I was reading an interesting article at the New York Times (The Corporate Blog Is Catching On) about CEOs and corporate executives who blog. I have had a few readers ask me how I determine what is or is not appropriate to write in my blog as a venture capitalist. Here is a quick-and-dirty list of what I think are best practices and a few thoughts on how these rules will evolve.
A friend of mine, Tim Oren, has written a nice set of guidelines that he uses when deciding what is and is not appropriate to blog.
If you think you have too much inside information about a given topic, it is probably not wise to write about said topic in great detail. -I meet regularly with a lot of enterprise software companies, particularly those in the information security space. As a result, I don’t write about that particular space because maintaining access to companies in that space requires that they feel their private information stays private. It is far easier for me to choose not to write about that particular space than it is to slice and dice what is and is not private.
If what you are writing could be prejudicial to your firm or portfolio companies, consider whether or not you should post it to your blog. I try to pay very close attention to the topics that I choose to write and the viewpoints that I espouse on my blog. Despite the fact that many bloggers go to great lengths to separate their views from the views of their firm, the natural tendency is for readers to associate the views of the individual with the views of the firm. Like it or not, a blog is for public consumption and some readers will attribute the views of the author with the views of the firm.
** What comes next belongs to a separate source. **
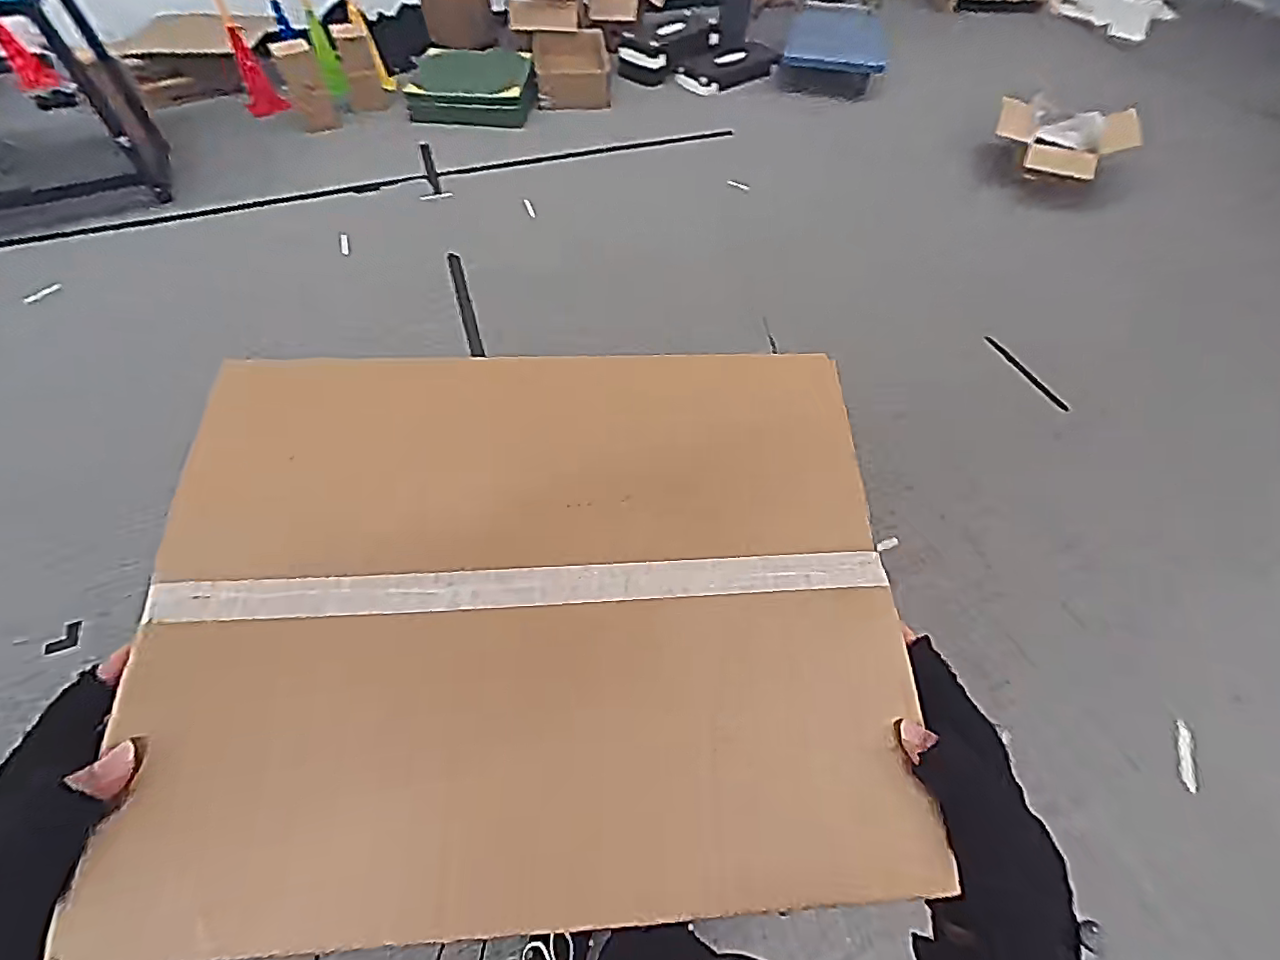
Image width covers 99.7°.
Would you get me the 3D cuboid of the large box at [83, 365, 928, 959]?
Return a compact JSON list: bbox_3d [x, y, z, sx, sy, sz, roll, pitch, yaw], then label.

These are just the two simple rules that I use for blogging. To date, little attention has been paid to what blogging could mean in terms of fair disclosure and legal liability. I predict that lawyers will get involved in regulating corporate blogs in the next 12-18 months because one (or even both) of the following incidents will occur and get national press:
The disgruntled blogger – There will be an incident where a disgruntled employee uses his/her blog to post company proprietary information or disclose sensitive financial information. Unlike the highly-publicized emails that have floated around the web, the fact that this breach occurs on a blog will greatly increase the rate at which it is consumed and cross-referenced.
The loose-lipped CEO – There will be a well-meaning CEO or senior executive who will make an inappropriate disclosure of some sort on his/her blog. Blogs will then be treated like any other senior executive communication for most litigation-sensitive companies.
If you have any thoughts on blog ethics, I would love to hear them.